╭──

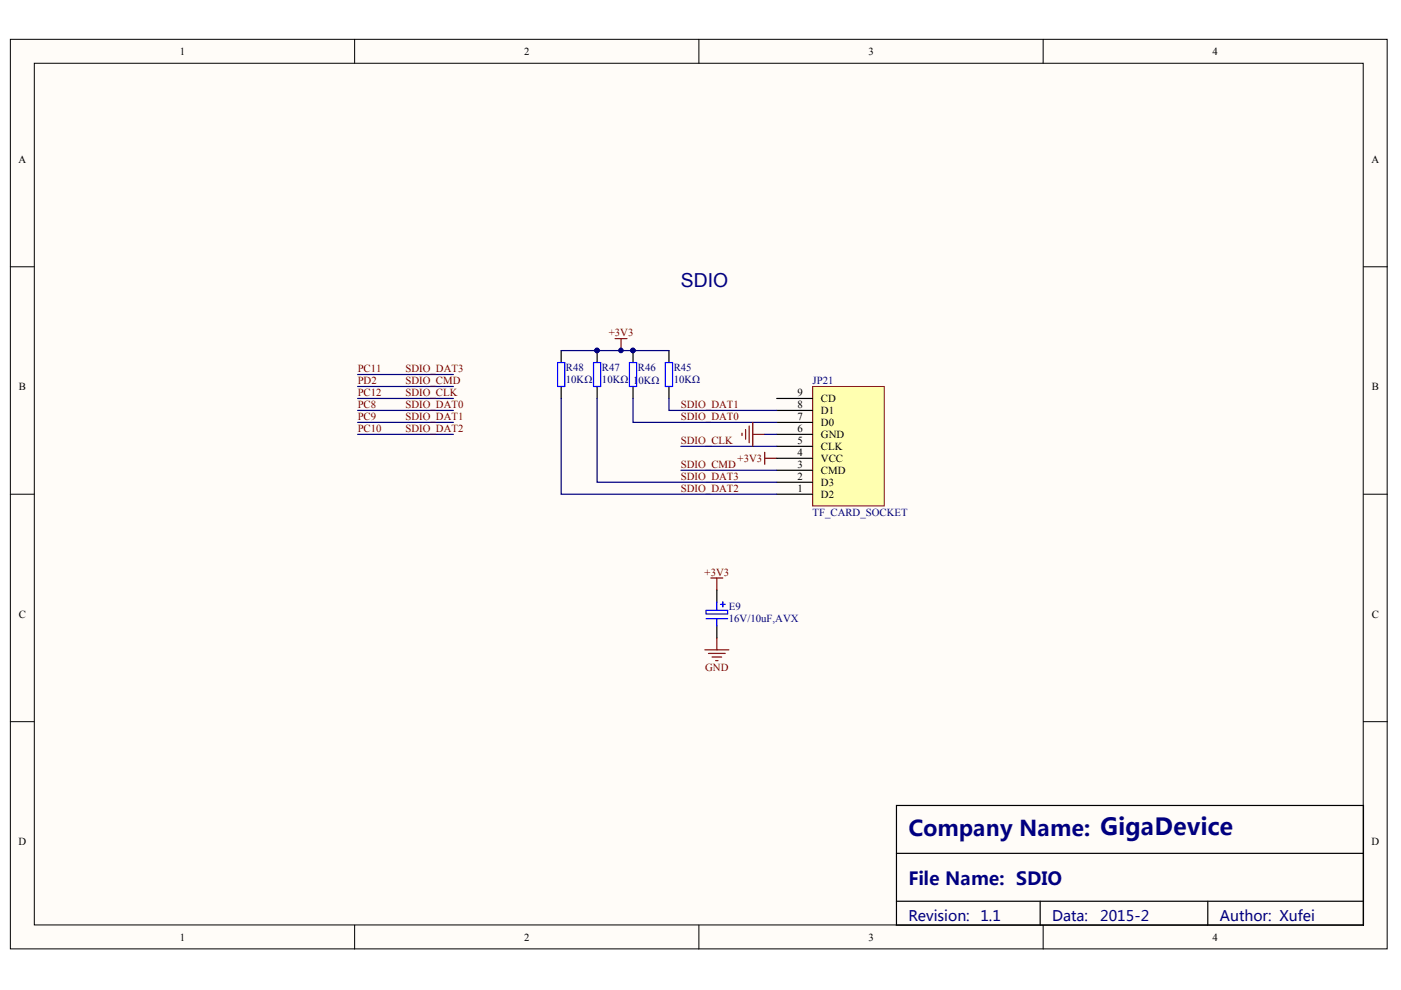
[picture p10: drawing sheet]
<svg xmlns="http://www.w3.org/2000/svg" width="297mm" height="210mm" viewBox="0 0 297 210" stroke-linecap="round" stroke-linejoin="round" font-family="sans-serif">
<defs><g id="words">
<text font-size="4.6" fill="#000080" x="192.6" y="177.2">Company Name: GigaDevice</text>
<text font-size="4.1" fill="#000080" x="144.4" y="60.8">SDIO</text>
<text font-size="3.8" fill="#000080" x="192.6" y="187.6">File Name: SDIO</text>
<g font-size="3.1" fill="#000080">
<text x="192.6" y="195.4">Revision:</text>
<text x="207.9" y="195.4">1.1</text>
<text x="223.1" y="195.4">Data:</text>
<text x="233.2" y="195.4">2015-2</text>
<text x="258.6" y="195.4">Author: Xufei</text>
</g>
<g font-size="2.3">
<text x="38.1" y="11.6">1</text>
<text x="111.1" y="11.6">2</text>
<text x="184.1" y="11.6">3</text>
<text x="257.1" y="11.6">4</text>
<text x="3.9" y="34.5">A</text>
<text x="290.8" y="34.5">A</text>
<text x="4" y="82.7">B</text>
<text x="169.1" y="84">9</text>
<text x="290.9" y="82.7">B</text>
<text x="169.1" y="89.1">7</text>
<text x="169.1" y="86.5">8</text>
<text x="174.1" y="87.8">D1</text>
<text x="174.1" y="85.3">CD</text>
<text x="169.1" y="94.1">5</text>
<text x="169.1" y="91.6">6</text>
<text x="174.1" y="95.4">CLK</text>
<text x="174.1" y="92.9">GND</text>
<text x="174.1" y="90.3">D0</text>
<text x="169.1" y="101.7">2</text>
<text x="169.1" y="99.2">3</text>
<text x="169.1" y="96.7">4</text>
<text x="174.1" y="100.5">CMD</text>
<text x="174.1" y="97.9">VCC</text>
<text x="169.1" y="104.3">1</text>
<text x="174.1" y="105.6">D2</text>
<text x="174.1" y="103">D3</text>
<text x="4" y="131">C</text>
<text x="290.9" y="131">C</text>
<text x="3.9" y="179.1">D</text>
<text x="290.8" y="179.1">D</text>
<text x="38.1" y="199.5">1</text>
<text x="111.1" y="199.5">2</text>
<text x="184.1" y="199.5">3</text>
<text x="257.1" y="199.5">4</text>
</g>
<g font-size="2.3" fill="#800000">
<text x="129.1" y="71.3">+3V3</text>
<text x="75.8" y="81.5">PD2</text>
<text x="75.8" y="84">PC12</text>
<text x="75.8" y="78.9">PC11</text>
<text x="86" y="78.9">SDIO_DAT3</text>
<text x="86" y="81.5">SDIO_CMD</text>
<text x="86" y="84">SDIO_CLK</text>
<text x="75.8" y="86.5">PC8</text>
<text x="75.8" y="89.1">PC9</text>
<text x="86" y="86.5">SDIO_DAT0</text>
<text x="86" y="89.1">SDIO_DAT1</text>
<text x="144.4" y="89.1">SDIO_DAT0</text>
<text x="144.4" y="86.5">SDIO_DAT1</text>
<text x="75.8" y="91.6">PC10</text>
<text x="86" y="91.6">SDIO_DAT2</text>
<text x="144.4" y="94.1">SDIO_CLK</text>
<text x="144.4" y="101.7">SDIO_DAT3</text>
<text x="144.4" y="99.2">SDIO_CMD</text>
<text x="156.4" y="97.9">+3V3</text>
<text x="144.4" y="104.3">SDIO_DAT2</text>
<text x="149.4" y="122">+3V3</text>
<text x="149.5" y="142.4">GND</text>
</g>
<g font-size="2.3" fill="#000080">
<text x="120" y="78.7">R48</text>
<text x="120" y="81.2">10KΩ</text>
<text x="127.6" y="78.7">R47</text>
<text x="127.6" y="81.2">10KΩ</text>
<text x="134.2" y="81.5">10KΩ</text>
<text x="135.2" y="78.7">R46</text>
<text x="142.8" y="78.7">R45</text>
<text x="142.8" y="81.2">10KΩ</text>
<text x="172.3" y="81.5">JP21</text>
<text x="172.3" y="109.4">TF_CARD_SOCKET</text>
<text x="154.5" y="129.4">E9</text>
<text x="154.5" y="132">16V/10uF,AVX</text>
</g>
</g></defs>
<g fill="#fffcf8" stroke="#000" stroke-width=".21">
<path d="M2.2 8.3h291.9v192.9h-291.9z"/>
<path d="M7.3 13.4h281.7v182.7h-281.7z"/>
</g>
<path d="M75.2 8.3v5.1M148.2 8.3v5.1M221.2 8.3v5.1M2.2 56.6h5.1M289.1 56.6h5.1M2.2 104.8h5.1M289.1 104.8h5.1M2.2 153h5.1M289.1 153h5.1M75.2 196.2v5M148.2 196.2v5M221.2 196.2v5" fill="none" stroke="#000" stroke-width=".21"/>
<g fill="none" stroke="#000" stroke-width=".25">
<path d="M119 74.3v2.6M126.6 74.3v2.6M134.2 74.3v2.6M141.8 74.3v2.6M119 81.9v2.6M126.6 81.9v2.6M134.2 81.9v2.6M141.8 81.9v2.6M152 125.1v2.5M152 132.7v2.5M190.1 170.8h99v25.4h-99zM190.1 180.9h99"/>
<path d="M190.1 191.1h99M220.5 191.1v5.1M256.1 191.1v5.1"/>
</g>
<path d="M118.2 76.9h1.5v5h-1.5zM125.8 76.9h1.6v5h-1.6zM133.5 76.9h1.5v5h-1.5zM141.1 76.9h1.5v5h-1.5zM149.7 129.4h4.6v.8h-4.6zM149.7 131.2h4.6M152 127.6v1.8M152 131.2v1.5M152.7 128.1h1.1M153.3 127.6v1" fill="none" stroke="#00f" stroke-width=".25"/>
<g fill="#000080" stroke="#000080" stroke-width=".21">
<circle cx="126.6" cy="74.3" r=".48"/>
<circle cx="134.2" cy="74.3" r=".48"/>
</g>
<path d="M162.1 95.9v2.5M162.1 97.2h2.6M149.4 137.8h5.1M150.2 138.5h3.6M150.7 122.6h2.6M151 139.3h2M152 122.6v2.5M152 135.2v2.6M151.7 140.1h.5" fill="none" stroke="#800000" stroke-width=".25"/>
<path d="M75.8 79.4h20.3M75.8 81.9h20.3M75.8 84.5h20.3M75.8 87h20.3M75.8 89.6h20.3M75.8 92.1h20.3" fill="none" stroke="#000080" stroke-width=".25"/>
<path d="M172.3 81.9h15.2v25.4h-15.2z" fill="#ffffb0" stroke="#800000" stroke-width=".21"/>
<path d="M164.7 99.7h7.6M164.7 97.2h7.6M164.7 94.6h7.6M164.7 92.1h7.6M164.7 89.6h7.6M164.7 87h7.6M164.7 84.5h7.6M164.7 104.8h7.6M164.7 102.2h7.6" fill="none" stroke="#000" stroke-width=".25"/>
<path d="M119 74.3h22.8M119 84.5v20.3h45.7M126.6 84.5v17.7h38.1M134.2 84.5v5.1h30.5M141.8 84.5v2.5h22.9M144.4 99.7h20.3M144.4 94.6h20.3M162.1 92.1h2.6" fill="none" stroke="#000080" stroke-width=".25"/>
<path d="M130.4 71.8h2.5M131.7 71.8v2.5M157.3 91.8v.6M158.1 91.1v2M158.8 90.3v3.6M159.6 89.6v5M159.6 92.1h2.5" fill="none" stroke="#800000" stroke-width=".25"/>
<circle cx="131.6" cy="74.3" r=".48" fill="#000080" stroke="#000080" stroke-width=".21"/>
<use href="#words"/>
</svg>

╰──

> _What you will do_
When a record holds a picture, leave that picture out; copy the rest verbatim.

> _Task result_
[picture p10: drawing sheet]
<svg xmlns="http://www.w3.org/2000/svg" width="297mm" height="210mm" viewBox="0 0 297 210" stroke-linecap="round" stroke-linejoin="round" font-family="sans-serif">
<defs><g id="words">
<text font-size="4.6" fill="#000080" x="192.6" y="177.2">Company Name: GigaDevice</text>
<text font-size="4.1" fill="#000080" x="144.4" y="60.8">SDIO</text>
<text font-size="3.8" fill="#000080" x="192.6" y="187.6">File Name: SDIO</text>
<g font-size="3.1" fill="#000080">
<text x="192.6" y="195.4">Revision:</text>
<text x="207.9" y="195.4">1.1</text>
<text x="223.1" y="195.4">Data:</text>
<text x="233.2" y="195.4">2015-2</text>
<text x="258.6" y="195.4">Author: Xufei</text>
</g>
<g font-size="2.3">
<text x="38.1" y="11.6">1</text>
<text x="111.1" y="11.6">2</text>
<text x="184.1" y="11.6">3</text>
<text x="257.1" y="11.6">4</text>
<text x="3.9" y="34.5">A</text>
<text x="290.8" y="34.5">A</text>
<text x="4" y="82.7">B</text>
<text x="169.1" y="84">9</text>
<text x="290.9" y="82.7">B</text>
<text x="169.1" y="89.1">7</text>
<text x="169.1" y="86.5">8</text>
<text x="174.1" y="87.8">D1</text>
<text x="174.1" y="85.3">CD</text>
<text x="169.1" y="94.1">5</text>
<text x="169.1" y="91.6">6</text>
<text x="174.1" y="95.4">CLK</text>
<text x="174.1" y="92.9">GND</text>
<text x="174.1" y="90.3">D0</text>
<text x="169.1" y="101.7">2</text>
<text x="169.1" y="99.2">3</text>
<text x="169.1" y="96.7">4</text>
<text x="174.1" y="100.5">CMD</text>
<text x="174.1" y="97.9">VCC</text>
<text x="169.1" y="104.3">1</text>
<text x="174.1" y="105.6">D2</text>
<text x="174.1" y="103">D3</text>
<text x="4" y="131">C</text>
<text x="290.9" y="131">C</text>
<text x="3.9" y="179.1">D</text>
<text x="290.8" y="179.1">D</text>
<text x="38.1" y="199.5">1</text>
<text x="111.1" y="199.5">2</text>
<text x="184.1" y="199.5">3</text>
<text x="257.1" y="199.5">4</text>
</g>
<g font-size="2.3" fill="#800000">
<text x="129.1" y="71.3">+3V3</text>
<text x="75.8" y="81.5">PD2</text>
<text x="75.8" y="84">PC12</text>
<text x="75.8" y="78.9">PC11</text>
<text x="86" y="78.9">SDIO_DAT3</text>
<text x="86" y="81.5">SDIO_CMD</text>
<text x="86" y="84">SDIO_CLK</text>
<text x="75.8" y="86.5">PC8</text>
<text x="75.8" y="89.1">PC9</text>
<text x="86" y="86.5">SDIO_DAT0</text>
<text x="86" y="89.1">SDIO_DAT1</text>
<text x="144.4" y="89.1">SDIO_DAT0</text>
<text x="144.4" y="86.5">SDIO_DAT1</text>
<text x="75.8" y="91.6">PC10</text>
<text x="86" y="91.6">SDIO_DAT2</text>
<text x="144.4" y="94.1">SDIO_CLK</text>
<text x="144.4" y="101.7">SDIO_DAT3</text>
<text x="144.4" y="99.2">SDIO_CMD</text>
<text x="156.4" y="97.9">+3V3</text>
<text x="144.4" y="104.3">SDIO_DAT2</text>
<text x="149.4" y="122">+3V3</text>
<text x="149.5" y="142.4">GND</text>
</g>
<g font-size="2.3" fill="#000080">
<text x="120" y="78.7">R48</text>
<text x="120" y="81.2">10KΩ</text>
<text x="127.6" y="78.7">R47</text>
<text x="127.6" y="81.2">10KΩ</text>
<text x="134.2" y="81.5">10KΩ</text>
<text x="135.2" y="78.7">R46</text>
<text x="142.8" y="78.7">R45</text>
<text x="142.8" y="81.2">10KΩ</text>
<text x="172.3" y="81.5">JP21</text>
<text x="172.3" y="109.4">TF_CARD_SOCKET</text>
<text x="154.5" y="129.4">E9</text>
<text x="154.5" y="132">16V/10uF,AVX</text>
</g>
</g></defs>
<g fill="#fffcf8" stroke="#000" stroke-width=".21">
<path d="M2.2 8.3h291.9v192.9h-291.9z"/>
<path d="M7.3 13.4h281.7v182.7h-281.7z"/>
</g>
<path d="M75.2 8.3v5.1M148.2 8.3v5.1M221.2 8.3v5.1M2.2 56.6h5.1M289.1 56.6h5.1M2.2 104.8h5.1M289.1 104.8h5.1M2.2 153h5.1M289.1 153h5.1M75.2 196.2v5M148.2 196.2v5M221.2 196.2v5" fill="none" stroke="#000" stroke-width=".21"/>
<g fill="none" stroke="#000" stroke-width=".25">
<path d="M119 74.3v2.6M126.6 74.3v2.6M134.2 74.3v2.6M141.8 74.3v2.6M119 81.9v2.6M126.6 81.9v2.6M134.2 81.9v2.6M141.8 81.9v2.6M152 125.1v2.5M152 132.7v2.5M190.1 170.8h99v25.4h-99zM190.1 180.9h99"/>
<path d="M190.1 191.1h99M220.5 191.1v5.1M256.1 191.1v5.1"/>
</g>
<path d="M118.2 76.9h1.5v5h-1.5zM125.8 76.9h1.6v5h-1.6zM133.5 76.9h1.5v5h-1.5zM141.1 76.9h1.5v5h-1.5zM149.7 129.4h4.6v.8h-4.6zM149.7 131.2h4.6M152 127.6v1.8M152 131.2v1.5M152.7 128.1h1.1M153.3 127.6v1" fill="none" stroke="#00f" stroke-width=".25"/>
<g fill="#000080" stroke="#000080" stroke-width=".21">
<circle cx="126.6" cy="74.3" r=".48"/>
<circle cx="134.2" cy="74.3" r=".48"/>
</g>
<path d="M162.1 95.9v2.5M162.1 97.2h2.6M149.4 137.8h5.1M150.2 138.5h3.6M150.7 122.6h2.6M151 139.3h2M152 122.6v2.5M152 135.2v2.6M151.7 140.1h.5" fill="none" stroke="#800000" stroke-width=".25"/>
<path d="M75.8 79.4h20.3M75.8 81.9h20.3M75.8 84.5h20.3M75.8 87h20.3M75.8 89.6h20.3M75.8 92.1h20.3" fill="none" stroke="#000080" stroke-width=".25"/>
<path d="M172.3 81.9h15.2v25.4h-15.2z" fill="#ffffb0" stroke="#800000" stroke-width=".21"/>
<path d="M164.7 99.7h7.6M164.7 97.2h7.6M164.7 94.6h7.6M164.7 92.1h7.6M164.7 89.6h7.6M164.7 87h7.6M164.7 84.5h7.6M164.7 104.8h7.6M164.7 102.2h7.6" fill="none" stroke="#000" stroke-width=".25"/>
<path d="M119 74.3h22.8M119 84.5v20.3h45.7M126.6 84.5v17.7h38.1M134.2 84.5v5.1h30.5M141.8 84.5v2.5h22.9M144.4 99.7h20.3M144.4 94.6h20.3M162.1 92.1h2.6" fill="none" stroke="#000080" stroke-width=".25"/>
<path d="M130.4 71.8h2.5M131.7 71.8v2.5M157.3 91.8v.6M158.1 91.1v2M158.8 90.3v3.6M159.6 89.6v5M159.6 92.1h2.5" fill="none" stroke="#800000" stroke-width=".25"/>
<circle cx="131.6" cy="74.3" r=".48" fill="#000080" stroke="#000080" stroke-width=".21"/>
<use href="#words"/>
</svg>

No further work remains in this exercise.